Your assignment » Reproduce all of the data that follows, character for character.

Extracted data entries

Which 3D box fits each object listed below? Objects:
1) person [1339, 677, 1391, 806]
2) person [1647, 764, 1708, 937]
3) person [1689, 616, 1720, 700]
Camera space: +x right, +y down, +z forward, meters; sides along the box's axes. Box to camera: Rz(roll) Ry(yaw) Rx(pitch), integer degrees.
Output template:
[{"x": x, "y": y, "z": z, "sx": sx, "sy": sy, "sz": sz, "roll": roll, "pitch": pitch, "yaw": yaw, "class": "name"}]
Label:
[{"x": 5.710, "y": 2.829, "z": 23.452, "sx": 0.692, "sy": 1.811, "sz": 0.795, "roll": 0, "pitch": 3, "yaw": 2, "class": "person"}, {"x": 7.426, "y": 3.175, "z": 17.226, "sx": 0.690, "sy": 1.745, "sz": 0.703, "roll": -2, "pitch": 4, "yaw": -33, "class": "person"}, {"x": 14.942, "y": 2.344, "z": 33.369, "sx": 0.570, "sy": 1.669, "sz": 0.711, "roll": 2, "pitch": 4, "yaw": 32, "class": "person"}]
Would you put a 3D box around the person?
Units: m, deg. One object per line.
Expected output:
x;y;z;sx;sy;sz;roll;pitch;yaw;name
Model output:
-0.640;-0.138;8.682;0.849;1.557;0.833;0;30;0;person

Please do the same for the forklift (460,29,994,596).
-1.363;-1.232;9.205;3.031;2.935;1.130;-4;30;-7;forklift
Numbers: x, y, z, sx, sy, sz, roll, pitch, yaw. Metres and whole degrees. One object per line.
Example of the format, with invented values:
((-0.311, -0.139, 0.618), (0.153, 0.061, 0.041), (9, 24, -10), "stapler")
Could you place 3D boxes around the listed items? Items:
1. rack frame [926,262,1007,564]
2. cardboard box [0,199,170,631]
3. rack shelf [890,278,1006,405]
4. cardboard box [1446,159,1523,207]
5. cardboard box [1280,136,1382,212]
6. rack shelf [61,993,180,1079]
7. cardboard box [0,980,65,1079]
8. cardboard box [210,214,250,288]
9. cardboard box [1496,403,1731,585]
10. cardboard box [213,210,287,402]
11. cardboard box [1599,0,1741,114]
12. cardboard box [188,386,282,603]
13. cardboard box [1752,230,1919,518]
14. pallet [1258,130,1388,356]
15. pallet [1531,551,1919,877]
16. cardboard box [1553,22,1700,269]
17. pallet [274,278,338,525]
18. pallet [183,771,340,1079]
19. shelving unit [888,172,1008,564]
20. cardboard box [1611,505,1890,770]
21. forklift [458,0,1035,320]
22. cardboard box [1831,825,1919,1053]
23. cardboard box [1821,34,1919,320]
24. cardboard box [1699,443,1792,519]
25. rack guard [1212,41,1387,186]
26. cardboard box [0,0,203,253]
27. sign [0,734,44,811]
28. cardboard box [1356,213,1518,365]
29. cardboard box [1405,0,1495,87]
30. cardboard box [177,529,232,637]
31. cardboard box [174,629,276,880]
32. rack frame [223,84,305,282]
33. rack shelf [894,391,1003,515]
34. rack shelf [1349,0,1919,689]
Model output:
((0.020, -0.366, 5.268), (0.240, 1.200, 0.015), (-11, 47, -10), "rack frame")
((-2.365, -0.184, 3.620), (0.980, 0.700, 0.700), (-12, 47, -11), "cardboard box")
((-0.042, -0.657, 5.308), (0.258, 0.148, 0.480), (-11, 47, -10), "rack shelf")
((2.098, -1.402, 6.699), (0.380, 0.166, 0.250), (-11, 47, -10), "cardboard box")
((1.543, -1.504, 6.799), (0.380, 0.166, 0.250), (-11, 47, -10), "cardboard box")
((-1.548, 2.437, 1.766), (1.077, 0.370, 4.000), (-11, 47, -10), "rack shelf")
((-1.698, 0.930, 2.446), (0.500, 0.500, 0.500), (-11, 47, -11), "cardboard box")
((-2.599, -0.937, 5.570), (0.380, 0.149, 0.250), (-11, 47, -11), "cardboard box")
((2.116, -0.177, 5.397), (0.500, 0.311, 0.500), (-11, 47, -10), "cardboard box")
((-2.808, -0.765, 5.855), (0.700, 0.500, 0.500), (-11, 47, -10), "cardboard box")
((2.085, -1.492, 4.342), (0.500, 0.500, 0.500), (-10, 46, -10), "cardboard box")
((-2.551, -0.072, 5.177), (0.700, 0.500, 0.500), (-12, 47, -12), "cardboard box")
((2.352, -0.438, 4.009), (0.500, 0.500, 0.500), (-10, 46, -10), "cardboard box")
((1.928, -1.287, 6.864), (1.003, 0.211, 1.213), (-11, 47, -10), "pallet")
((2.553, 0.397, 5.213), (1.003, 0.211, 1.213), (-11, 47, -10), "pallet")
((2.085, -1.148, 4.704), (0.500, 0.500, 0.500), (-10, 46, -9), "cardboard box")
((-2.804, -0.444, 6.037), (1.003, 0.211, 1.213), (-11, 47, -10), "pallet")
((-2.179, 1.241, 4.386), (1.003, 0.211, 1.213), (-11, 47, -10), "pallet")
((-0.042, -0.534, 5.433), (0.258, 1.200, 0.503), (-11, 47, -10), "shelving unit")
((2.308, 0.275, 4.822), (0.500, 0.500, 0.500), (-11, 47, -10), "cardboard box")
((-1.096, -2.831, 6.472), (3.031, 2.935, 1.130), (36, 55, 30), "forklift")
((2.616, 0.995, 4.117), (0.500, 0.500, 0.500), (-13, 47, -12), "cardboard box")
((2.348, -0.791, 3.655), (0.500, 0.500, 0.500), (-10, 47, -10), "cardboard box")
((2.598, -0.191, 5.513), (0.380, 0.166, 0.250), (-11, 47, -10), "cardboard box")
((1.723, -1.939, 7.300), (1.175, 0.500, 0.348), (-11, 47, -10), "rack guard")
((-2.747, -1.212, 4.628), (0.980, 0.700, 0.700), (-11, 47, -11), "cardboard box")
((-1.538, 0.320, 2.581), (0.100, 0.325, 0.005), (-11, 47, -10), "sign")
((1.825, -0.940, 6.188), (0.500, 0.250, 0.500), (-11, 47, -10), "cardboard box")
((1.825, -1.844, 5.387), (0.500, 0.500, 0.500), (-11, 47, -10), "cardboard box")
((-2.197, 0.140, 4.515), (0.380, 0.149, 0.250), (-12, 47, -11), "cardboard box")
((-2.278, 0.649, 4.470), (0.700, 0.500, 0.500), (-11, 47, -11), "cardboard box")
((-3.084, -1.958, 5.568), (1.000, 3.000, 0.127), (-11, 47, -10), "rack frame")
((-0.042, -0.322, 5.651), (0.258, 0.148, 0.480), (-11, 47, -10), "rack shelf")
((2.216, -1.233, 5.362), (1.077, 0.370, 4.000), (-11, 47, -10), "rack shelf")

Problem solution »
Which 3D box fits each object listed below? Objects:
1) person [1339, 677, 1391, 806]
2) person [1647, 764, 1708, 937]
3) person [1689, 616, 1720, 700]
Camera space: +x right, +y down, +z forward, meters; sides along the box's axes. Box to camera: Rz(roll) Ry(yaw) Rx(pitch), integer degrees.
Output template:
[{"x": x, "y": y, "z": z, "sx": sx, "sy": sy, "sz": sz, "roll": roll, "pitch": pitch, "yaw": yaw, "class": "name"}]
Label:
[{"x": 5.710, "y": 2.829, "z": 23.452, "sx": 0.692, "sy": 1.811, "sz": 0.795, "roll": 0, "pitch": 3, "yaw": 2, "class": "person"}, {"x": 7.426, "y": 3.175, "z": 17.226, "sx": 0.690, "sy": 1.745, "sz": 0.703, "roll": -2, "pitch": 4, "yaw": -33, "class": "person"}, {"x": 14.942, "y": 2.344, "z": 33.369, "sx": 0.570, "sy": 1.669, "sz": 0.711, "roll": 2, "pitch": 4, "yaw": 32, "class": "person"}]
Would you put a 3D box around the person?
Units: m, deg. One object per line.
Expected output:
x;y;z;sx;sy;sz;roll;pitch;yaw;name
Model output:
-0.640;-0.138;8.682;0.849;1.557;0.833;0;30;0;person

Please do the same for the forklift (460,29,994,596).
-1.363;-1.232;9.205;3.031;2.935;1.130;-4;30;-7;forklift
Numbers: x, y, z, sx, sy, sz, roll, pitch, yaw. Metres and whole degrees. One object per line.
Example of the format, with invented values:
((-0.311, -0.139, 0.618), (0.153, 0.061, 0.041), (9, 24, -10), "stapler")
Could you place 3D boxes around the listed items? Items:
1. rack frame [926,262,1007,564]
2. cardboard box [0,199,170,631]
3. rack shelf [890,278,1006,405]
4. cardboard box [1446,159,1523,207]
5. cardboard box [1280,136,1382,212]
6. rack shelf [61,993,180,1079]
7. cardboard box [0,980,65,1079]
8. cardboard box [210,214,250,288]
9. cardboard box [1496,403,1731,585]
10. cardboard box [213,210,287,402]
11. cardboard box [1599,0,1741,114]
12. cardboard box [188,386,282,603]
13. cardboard box [1752,230,1919,518]
14. pallet [1258,130,1388,356]
15. pallet [1531,551,1919,877]
16. cardboard box [1553,22,1700,269]
17. pallet [274,278,338,525]
18. pallet [183,771,340,1079]
19. shelving unit [888,172,1008,564]
20. cardboard box [1611,505,1890,770]
21. forklift [458,0,1035,320]
22. cardboard box [1831,825,1919,1053]
23. cardboard box [1821,34,1919,320]
24. cardboard box [1699,443,1792,519]
25. rack guard [1212,41,1387,186]
26. cardboard box [0,0,203,253]
27. sign [0,734,44,811]
28. cardboard box [1356,213,1518,365]
29. cardboard box [1405,0,1495,87]
30. cardboard box [177,529,232,637]
31. cardboard box [174,629,276,880]
32. rack frame [223,84,305,282]
33. rack shelf [894,391,1003,515]
34. rack shelf [1349,0,1919,689]
Model output:
((0.020, -0.366, 5.268), (0.240, 1.200, 0.015), (-11, 47, -10), "rack frame")
((-2.365, -0.184, 3.620), (0.980, 0.700, 0.700), (-12, 47, -11), "cardboard box")
((-0.042, -0.657, 5.308), (0.258, 0.148, 0.480), (-11, 47, -10), "rack shelf")
((2.098, -1.402, 6.699), (0.380, 0.166, 0.250), (-11, 47, -10), "cardboard box")
((1.543, -1.504, 6.799), (0.380, 0.166, 0.250), (-11, 47, -10), "cardboard box")
((-1.548, 2.437, 1.766), (1.077, 0.370, 4.000), (-11, 47, -10), "rack shelf")
((-1.698, 0.930, 2.446), (0.500, 0.500, 0.500), (-11, 47, -11), "cardboard box")
((-2.599, -0.937, 5.570), (0.380, 0.149, 0.250), (-11, 47, -11), "cardboard box")
((2.116, -0.177, 5.397), (0.500, 0.311, 0.500), (-11, 47, -10), "cardboard box")
((-2.808, -0.765, 5.855), (0.700, 0.500, 0.500), (-11, 47, -10), "cardboard box")
((2.085, -1.492, 4.342), (0.500, 0.500, 0.500), (-10, 46, -10), "cardboard box")
((-2.551, -0.072, 5.177), (0.700, 0.500, 0.500), (-12, 47, -12), "cardboard box")
((2.352, -0.438, 4.009), (0.500, 0.500, 0.500), (-10, 46, -10), "cardboard box")
((1.928, -1.287, 6.864), (1.003, 0.211, 1.213), (-11, 47, -10), "pallet")
((2.553, 0.397, 5.213), (1.003, 0.211, 1.213), (-11, 47, -10), "pallet")
((2.085, -1.148, 4.704), (0.500, 0.500, 0.500), (-10, 46, -9), "cardboard box")
((-2.804, -0.444, 6.037), (1.003, 0.211, 1.213), (-11, 47, -10), "pallet")
((-2.179, 1.241, 4.386), (1.003, 0.211, 1.213), (-11, 47, -10), "pallet")
((-0.042, -0.534, 5.433), (0.258, 1.200, 0.503), (-11, 47, -10), "shelving unit")
((2.308, 0.275, 4.822), (0.500, 0.500, 0.500), (-11, 47, -10), "cardboard box")
((-1.096, -2.831, 6.472), (3.031, 2.935, 1.130), (36, 55, 30), "forklift")
((2.616, 0.995, 4.117), (0.500, 0.500, 0.500), (-13, 47, -12), "cardboard box")
((2.348, -0.791, 3.655), (0.500, 0.500, 0.500), (-10, 47, -10), "cardboard box")
((2.598, -0.191, 5.513), (0.380, 0.166, 0.250), (-11, 47, -10), "cardboard box")
((1.723, -1.939, 7.300), (1.175, 0.500, 0.348), (-11, 47, -10), "rack guard")
((-2.747, -1.212, 4.628), (0.980, 0.700, 0.700), (-11, 47, -11), "cardboard box")
((-1.538, 0.320, 2.581), (0.100, 0.325, 0.005), (-11, 47, -10), "sign")
((1.825, -0.940, 6.188), (0.500, 0.250, 0.500), (-11, 47, -10), "cardboard box")
((1.825, -1.844, 5.387), (0.500, 0.500, 0.500), (-11, 47, -10), "cardboard box")
((-2.197, 0.140, 4.515), (0.380, 0.149, 0.250), (-12, 47, -11), "cardboard box")
((-2.278, 0.649, 4.470), (0.700, 0.500, 0.500), (-11, 47, -11), "cardboard box")
((-3.084, -1.958, 5.568), (1.000, 3.000, 0.127), (-11, 47, -10), "rack frame")
((-0.042, -0.322, 5.651), (0.258, 0.148, 0.480), (-11, 47, -10), "rack shelf")
((2.216, -1.233, 5.362), (1.077, 0.370, 4.000), (-11, 47, -10), "rack shelf")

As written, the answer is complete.